■ Required work ■
Every line of the material is to be set down again without any change.

(Beginning of Input)

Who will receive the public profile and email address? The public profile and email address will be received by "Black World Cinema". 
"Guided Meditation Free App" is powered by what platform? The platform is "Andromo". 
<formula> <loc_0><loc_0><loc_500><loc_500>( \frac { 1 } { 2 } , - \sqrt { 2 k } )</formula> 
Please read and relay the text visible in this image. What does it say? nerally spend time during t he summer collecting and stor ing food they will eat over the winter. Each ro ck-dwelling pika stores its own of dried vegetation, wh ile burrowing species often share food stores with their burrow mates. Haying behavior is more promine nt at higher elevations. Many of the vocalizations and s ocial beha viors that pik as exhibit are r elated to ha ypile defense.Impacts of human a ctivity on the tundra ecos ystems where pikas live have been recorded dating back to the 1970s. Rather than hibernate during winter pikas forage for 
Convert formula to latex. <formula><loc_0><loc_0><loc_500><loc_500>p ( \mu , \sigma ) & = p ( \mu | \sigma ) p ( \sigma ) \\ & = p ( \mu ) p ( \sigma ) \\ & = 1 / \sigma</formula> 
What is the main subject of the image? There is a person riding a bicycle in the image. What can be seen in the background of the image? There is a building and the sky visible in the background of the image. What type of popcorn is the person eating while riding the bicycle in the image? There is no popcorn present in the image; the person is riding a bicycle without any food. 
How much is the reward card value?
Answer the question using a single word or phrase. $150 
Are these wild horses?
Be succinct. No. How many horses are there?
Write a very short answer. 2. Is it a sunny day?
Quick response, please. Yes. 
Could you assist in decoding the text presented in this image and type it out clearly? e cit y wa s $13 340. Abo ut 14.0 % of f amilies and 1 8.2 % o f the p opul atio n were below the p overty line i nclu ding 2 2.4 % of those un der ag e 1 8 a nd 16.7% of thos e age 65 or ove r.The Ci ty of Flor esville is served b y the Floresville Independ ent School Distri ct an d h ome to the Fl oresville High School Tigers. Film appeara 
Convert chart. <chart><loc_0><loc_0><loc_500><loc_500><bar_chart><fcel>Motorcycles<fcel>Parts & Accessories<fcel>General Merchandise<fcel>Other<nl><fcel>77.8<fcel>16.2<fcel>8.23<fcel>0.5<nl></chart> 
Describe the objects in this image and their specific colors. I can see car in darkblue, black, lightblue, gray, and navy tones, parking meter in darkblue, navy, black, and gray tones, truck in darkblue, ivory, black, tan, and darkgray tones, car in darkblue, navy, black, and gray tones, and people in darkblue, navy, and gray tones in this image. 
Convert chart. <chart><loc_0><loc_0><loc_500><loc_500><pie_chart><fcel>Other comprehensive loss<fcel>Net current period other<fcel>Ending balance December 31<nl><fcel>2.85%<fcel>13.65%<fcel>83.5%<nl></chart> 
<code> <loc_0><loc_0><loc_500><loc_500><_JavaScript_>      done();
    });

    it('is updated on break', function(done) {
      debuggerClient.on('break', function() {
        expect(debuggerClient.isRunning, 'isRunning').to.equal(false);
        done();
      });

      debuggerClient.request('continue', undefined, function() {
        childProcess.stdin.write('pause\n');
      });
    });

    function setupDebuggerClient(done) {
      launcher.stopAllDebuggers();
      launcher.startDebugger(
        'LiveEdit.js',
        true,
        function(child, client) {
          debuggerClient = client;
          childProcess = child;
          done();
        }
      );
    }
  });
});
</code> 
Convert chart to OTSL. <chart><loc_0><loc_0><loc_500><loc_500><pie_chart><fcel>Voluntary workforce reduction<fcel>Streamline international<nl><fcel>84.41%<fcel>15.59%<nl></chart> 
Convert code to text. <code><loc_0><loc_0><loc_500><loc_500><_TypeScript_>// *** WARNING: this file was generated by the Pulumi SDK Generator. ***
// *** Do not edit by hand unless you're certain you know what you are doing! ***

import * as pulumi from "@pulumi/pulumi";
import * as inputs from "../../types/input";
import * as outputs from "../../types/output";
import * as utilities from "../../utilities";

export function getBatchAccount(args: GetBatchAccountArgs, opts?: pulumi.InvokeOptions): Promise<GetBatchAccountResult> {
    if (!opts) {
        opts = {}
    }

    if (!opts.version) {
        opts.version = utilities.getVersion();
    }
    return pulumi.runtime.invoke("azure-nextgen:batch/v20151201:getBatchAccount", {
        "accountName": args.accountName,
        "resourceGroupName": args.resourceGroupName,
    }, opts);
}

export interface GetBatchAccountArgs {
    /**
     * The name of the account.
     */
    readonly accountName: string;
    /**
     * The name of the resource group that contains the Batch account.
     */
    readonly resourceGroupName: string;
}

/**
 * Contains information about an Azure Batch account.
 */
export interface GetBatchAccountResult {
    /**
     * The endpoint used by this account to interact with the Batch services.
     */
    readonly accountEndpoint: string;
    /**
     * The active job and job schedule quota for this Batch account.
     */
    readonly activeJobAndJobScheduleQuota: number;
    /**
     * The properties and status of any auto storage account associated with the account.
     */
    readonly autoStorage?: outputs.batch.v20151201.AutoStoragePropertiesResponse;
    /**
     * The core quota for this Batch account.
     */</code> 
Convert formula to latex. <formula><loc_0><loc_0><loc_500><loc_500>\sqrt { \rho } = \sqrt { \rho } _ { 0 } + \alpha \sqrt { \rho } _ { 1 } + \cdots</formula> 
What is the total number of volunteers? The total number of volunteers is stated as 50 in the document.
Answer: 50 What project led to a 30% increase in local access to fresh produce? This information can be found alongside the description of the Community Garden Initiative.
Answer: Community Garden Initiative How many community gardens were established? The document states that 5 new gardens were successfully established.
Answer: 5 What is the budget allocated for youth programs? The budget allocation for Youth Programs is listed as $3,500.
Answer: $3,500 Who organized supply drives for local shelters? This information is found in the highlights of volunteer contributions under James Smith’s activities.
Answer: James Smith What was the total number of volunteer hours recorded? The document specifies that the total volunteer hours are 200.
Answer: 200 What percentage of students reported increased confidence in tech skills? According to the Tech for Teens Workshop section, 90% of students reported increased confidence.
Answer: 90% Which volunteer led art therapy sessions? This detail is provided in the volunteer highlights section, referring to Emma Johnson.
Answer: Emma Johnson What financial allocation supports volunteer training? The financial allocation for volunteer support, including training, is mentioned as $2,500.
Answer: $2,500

(End of Input)

■ Final answer ■
Who will receive the public profile and email address? The public profile and email address will be received by "Black World Cinema". 
"Guided Meditation Free App" is powered by what platform? The platform is "Andromo". 
<formula> <loc_0><loc_0><loc_500><loc_500>( \frac { 1 } { 2 } , - \sqrt { 2 k } )</formula> 
Please read and relay the text visible in this image. What does it say? nerally spend time during t he summer collecting and stor ing food they will eat over the winter. Each ro ck-dwelling pika stores its own of dried vegetation, wh ile burrowing species often share food stores with their burrow mates. Haying behavior is more promine nt at higher elevations. Many of the vocalizations and s ocial beha viors that pik as exhibit are r elated to ha ypile defense.Impacts of human a ctivity on the tundra ecos ystems where pikas live have been recorded dating back to the 1970s. Rather than hibernate during winter pikas forage for 
Convert formula to latex. <formula><loc_0><loc_0><loc_500><loc_500>p ( \mu , \sigma ) & = p ( \mu | \sigma ) p ( \sigma ) \\ & = p ( \mu ) p ( \sigma ) \\ & = 1 / \sigma</formula> 
What is the main subject of the image? There is a person riding a bicycle in the image. What can be seen in the background of the image? There is a building and the sky visible in the background of the image. What type of popcorn is the person eating while riding the bicycle in the image? There is no popcorn present in the image; the person is riding a bicycle without any food. 
How much is the reward card value?
Answer the question using a single word or phrase. $150 
Are these wild horses?
Be succinct. No. How many horses are there?
Write a very short answer. 2. Is it a sunny day?
Quick response, please. Yes. 
Could you assist in decoding the text presented in this image and type it out clearly? e cit y wa s $13 340. Abo ut 14.0 % of f amilies and 1 8.2 % o f the p opul atio n were below the p overty line i nclu ding 2 2.4 % of those un der ag e 1 8 a nd 16.7% of thos e age 65 or ove r.The Ci ty of Flor esville is served b y the Floresville Independ ent School Distri ct an d h ome to the Fl oresville High School Tigers. Film appeara 
Convert chart. <chart><loc_0><loc_0><loc_500><loc_500><bar_chart><fcel>Motorcycles<fcel>Parts & Accessories<fcel>General Merchandise<fcel>Other<nl><fcel>77.8<fcel>16.2<fcel>8.23<fcel>0.5<nl></chart> 
Describe the objects in this image and their specific colors. I can see car in darkblue, black, lightblue, gray, and navy tones, parking meter in darkblue, navy, black, and gray tones, truck in darkblue, ivory, black, tan, and darkgray tones, car in darkblue, navy, black, and gray tones, and people in darkblue, navy, and gray tones in this image. 
Convert chart. <chart><loc_0><loc_0><loc_500><loc_500><pie_chart><fcel>Other comprehensive loss<fcel>Net current period other<fcel>Ending balance December 31<nl><fcel>2.85%<fcel>13.65%<fcel>83.5%<nl></chart> 
<code> <loc_0><loc_0><loc_500><loc_500><_JavaScript_>      done();
    });

    it('is updated on break', function(done) {
      debuggerClient.on('break', function() {
        expect(debuggerClient.isRunning, 'isRunning').to.equal(false);
        done();
      });

      debuggerClient.request('continue', undefined, function() {
        childProcess.stdin.write('pause\n');
      });
    });

    function setupDebuggerClient(done) {
      launcher.stopAllDebuggers();
      launcher.startDebugger(
        'LiveEdit.js',
        true,
        function(child, client) {
          debuggerClient = client;
          childProcess = child;
          done();
        }
      );
    }
  });
});
</code> 
Convert chart to OTSL. <chart><loc_0><loc_0><loc_500><loc_500><pie_chart><fcel>Voluntary workforce reduction<fcel>Streamline international<nl><fcel>84.41%<fcel>15.59%<nl></chart> 
Convert code to text. <code><loc_0><loc_0><loc_500><loc_500><_TypeScript_>// *** WARNING: this file was generated by the Pulumi SDK Generator. ***
// *** Do not edit by hand unless you're certain you know what you are doing! ***

import * as pulumi from "@pulumi/pulumi";
import * as inputs from "../../types/input";
import * as outputs from "../../types/output";
import * as utilities from "../../utilities";

export function getBatchAccount(args: GetBatchAccountArgs, opts?: pulumi.InvokeOptions): Promise<GetBatchAccountResult> {
    if (!opts) {
        opts = {}
    }

    if (!opts.version) {
        opts.version = utilities.getVersion();
    }
    return pulumi.runtime.invoke("azure-nextgen:batch/v20151201:getBatchAccount", {
        "accountName": args.accountName,
        "resourceGroupName": args.resourceGroupName,
    }, opts);
}

export interface GetBatchAccountArgs {
    /**
     * The name of the account.
     */
    readonly accountName: string;
    /**
     * The name of the resource group that contains the Batch account.
     */
    readonly resourceGroupName: string;
}

/**
 * Contains information about an Azure Batch account.
 */
export interface GetBatchAccountResult {
    /**
     * The endpoint used by this account to interact with the Batch services.
     */
    readonly accountEndpoint: string;
    /**
     * The active job and job schedule quota for this Batch account.
     */
    readonly activeJobAndJobScheduleQuota: number;
    /**
     * The properties and status of any auto storage account associated with the account.
     */
    readonly autoStorage?: outputs.batch.v20151201.AutoStoragePropertiesResponse;
    /**
     * The core quota for this Batch account.
     */</code> 
Convert formula to latex. <formula><loc_0><loc_0><loc_500><loc_500>\sqrt { \rho } = \sqrt { \rho } _ { 0 } + \alpha \sqrt { \rho } _ { 1 } + \cdots</formula> 
What is the total number of volunteers? The total number of volunteers is stated as 50 in the document.
Answer: 50 What project led to a 30% increase in local access to fresh produce? This information can be found alongside the description of the Community Garden Initiative.
Answer: Community Garden Initiative How many community gardens were established? The document states that 5 new gardens were successfully established.
Answer: 5 What is the budget allocated for youth programs? The budget allocation for Youth Programs is listed as $3,500.
Answer: $3,500 Who organized supply drives for local shelters? This information is found in the highlights of volunteer contributions under James Smith’s activities.
Answer: James Smith What was the total number of volunteer hours recorded? The document specifies that the total volunteer hours are 200.
Answer: 200 What percentage of students reported increased confidence in tech skills? According to the Tech for Teens Workshop section, 90% of students reported increased confidence.
Answer: 90% Which volunteer led art therapy sessions? This detail is provided in the volunteer highlights section, referring to Emma Johnson.
Answer: Emma Johnson What financial allocation supports volunteer training? The financial allocation for volunteer support, including training, is mentioned as $2,500.
Answer: $2,500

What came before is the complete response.